*Instructions to follow:*
All lines in the data that hold the word "type" need copying.

┄┄┄┄┄┄┄┄┄┄

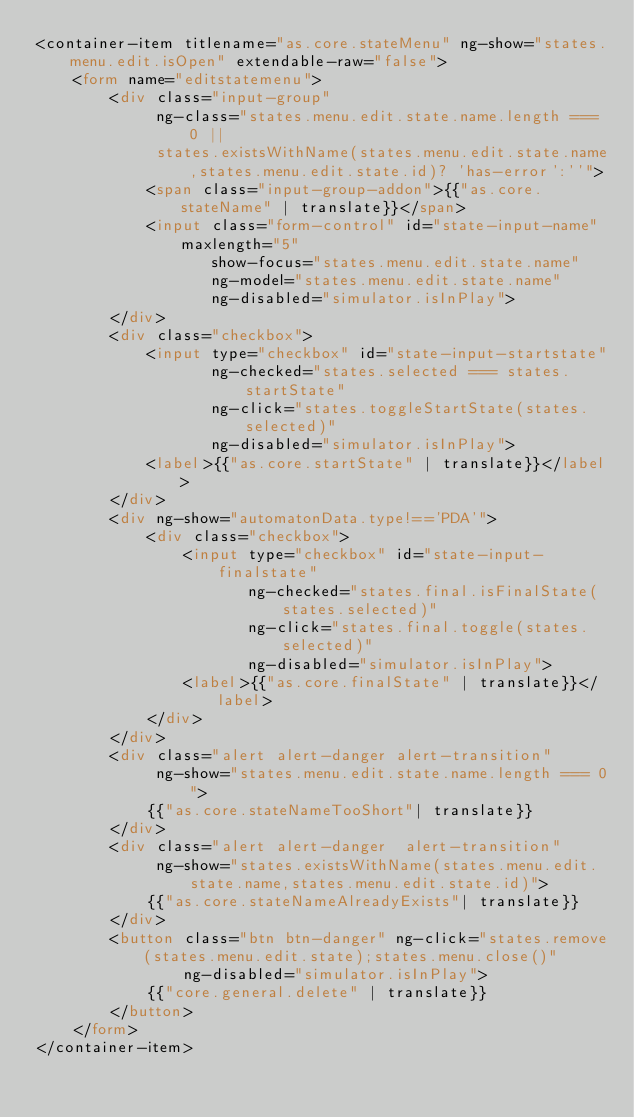Convert code to text. <code><loc_0><loc_0><loc_500><loc_500><_HTML_><container-item titlename="as.core.stateMenu" ng-show="states.menu.edit.isOpen" extendable-raw="false">
    <form name="editstatemenu">
        <div class="input-group"
             ng-class="states.menu.edit.state.name.length === 0 ||
             states.existsWithName(states.menu.edit.state.name,states.menu.edit.state.id)? 'has-error':''">
            <span class="input-group-addon">{{"as.core.stateName" | translate}}</span>
            <input class="form-control" id="state-input-name" maxlength="5"
                   show-focus="states.menu.edit.state.name"
                   ng-model="states.menu.edit.state.name"
                   ng-disabled="simulator.isInPlay">
        </div>
        <div class="checkbox">
            <input type="checkbox" id="state-input-startstate"
                   ng-checked="states.selected === states.startState"
                   ng-click="states.toggleStartState(states.selected)"
                   ng-disabled="simulator.isInPlay">
            <label>{{"as.core.startState" | translate}}</label>
        </div>
        <div ng-show="automatonData.type!=='PDA'">
            <div class="checkbox">
                <input type="checkbox" id="state-input-finalstate"
                       ng-checked="states.final.isFinalState(states.selected)"
                       ng-click="states.final.toggle(states.selected)"
                       ng-disabled="simulator.isInPlay">
                <label>{{"as.core.finalState" | translate}}</label>
            </div>
        </div>
        <div class="alert alert-danger alert-transition"
             ng-show="states.menu.edit.state.name.length === 0">
            {{"as.core.stateNameTooShort"| translate}}
        </div>
        <div class="alert alert-danger  alert-transition"
             ng-show="states.existsWithName(states.menu.edit.state.name,states.menu.edit.state.id)">
            {{"as.core.stateNameAlreadyExists"| translate}}
        </div>
        <button class="btn btn-danger" ng-click="states.remove(states.menu.edit.state);states.menu.close()"
                ng-disabled="simulator.isInPlay">
            {{"core.general.delete" | translate}}
        </button>
    </form>
</container-item></code> 
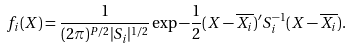<formula> <loc_0><loc_0><loc_500><loc_500>f _ { i } ( X ) = \frac { 1 } { ( 2 \pi ) ^ { P / 2 } | S _ { i } | ^ { 1 / 2 } } \exp { - \frac { 1 } { 2 } ( X - \overline { X _ { i } } ) ^ { \prime } S _ { i } ^ { - 1 } ( X - \overline { X _ { i } } ) } .</formula> 
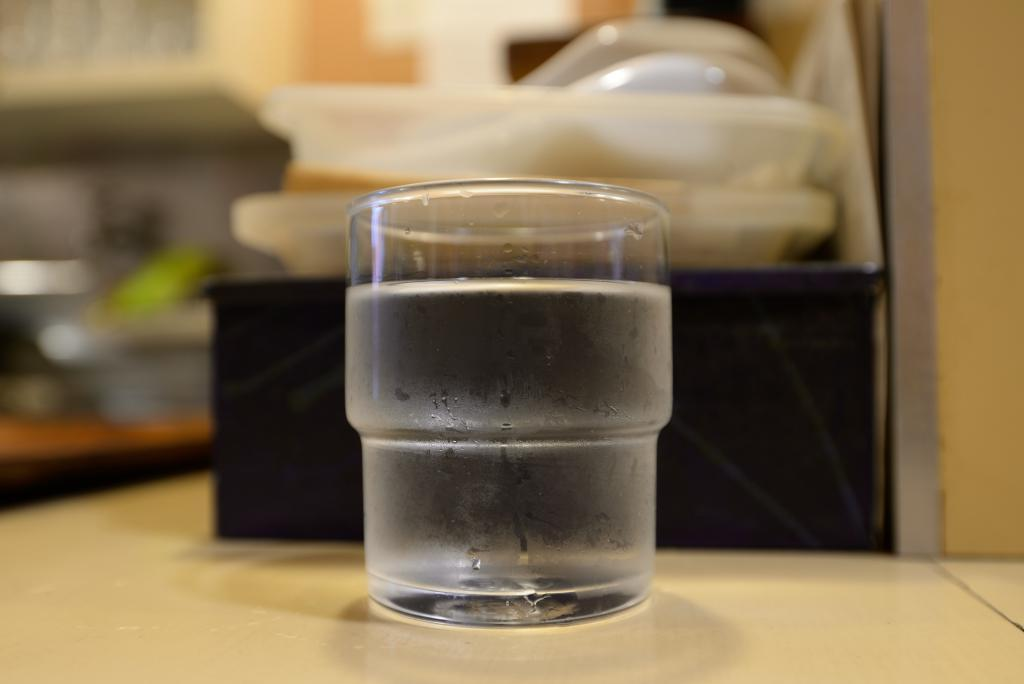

┄┄┄┄┄┄┄┄┄┄

*Output for this exercise:*
            <input type="checkbox" id="state-input-startstate"
        <div ng-show="automatonData.type!=='PDA'">
                <input type="checkbox" id="state-input-finalstate"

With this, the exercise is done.